*** Block opens ***

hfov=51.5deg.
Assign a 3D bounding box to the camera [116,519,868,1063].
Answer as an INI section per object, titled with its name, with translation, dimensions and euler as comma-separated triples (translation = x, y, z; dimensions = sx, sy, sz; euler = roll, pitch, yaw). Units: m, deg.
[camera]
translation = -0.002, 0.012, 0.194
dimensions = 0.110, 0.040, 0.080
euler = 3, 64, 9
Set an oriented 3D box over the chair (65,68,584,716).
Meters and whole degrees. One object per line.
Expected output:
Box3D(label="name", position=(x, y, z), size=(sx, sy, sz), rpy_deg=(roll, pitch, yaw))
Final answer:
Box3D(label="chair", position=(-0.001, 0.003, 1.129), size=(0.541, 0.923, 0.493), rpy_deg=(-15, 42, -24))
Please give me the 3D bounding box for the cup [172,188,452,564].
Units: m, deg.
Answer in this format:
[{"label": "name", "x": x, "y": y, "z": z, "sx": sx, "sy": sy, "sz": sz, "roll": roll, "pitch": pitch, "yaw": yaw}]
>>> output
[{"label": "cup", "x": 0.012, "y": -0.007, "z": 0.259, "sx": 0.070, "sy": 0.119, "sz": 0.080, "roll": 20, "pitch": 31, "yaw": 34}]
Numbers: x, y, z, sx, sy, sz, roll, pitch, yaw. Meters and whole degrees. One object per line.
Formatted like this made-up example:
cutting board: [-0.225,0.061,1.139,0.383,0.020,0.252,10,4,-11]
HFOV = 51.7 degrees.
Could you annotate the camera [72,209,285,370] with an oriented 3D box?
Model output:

*** Block closes ***

**Your task**
Copy every line of the listing where the word "degrees" appears.

**Exercise output**
Meters and whole degrees. One object per line.
Numbers: x, y, z, sx, sy, sz, roll, pitch, yaw. Meters and whole degrees. One object per line.
HFOV = 51.7 degrees.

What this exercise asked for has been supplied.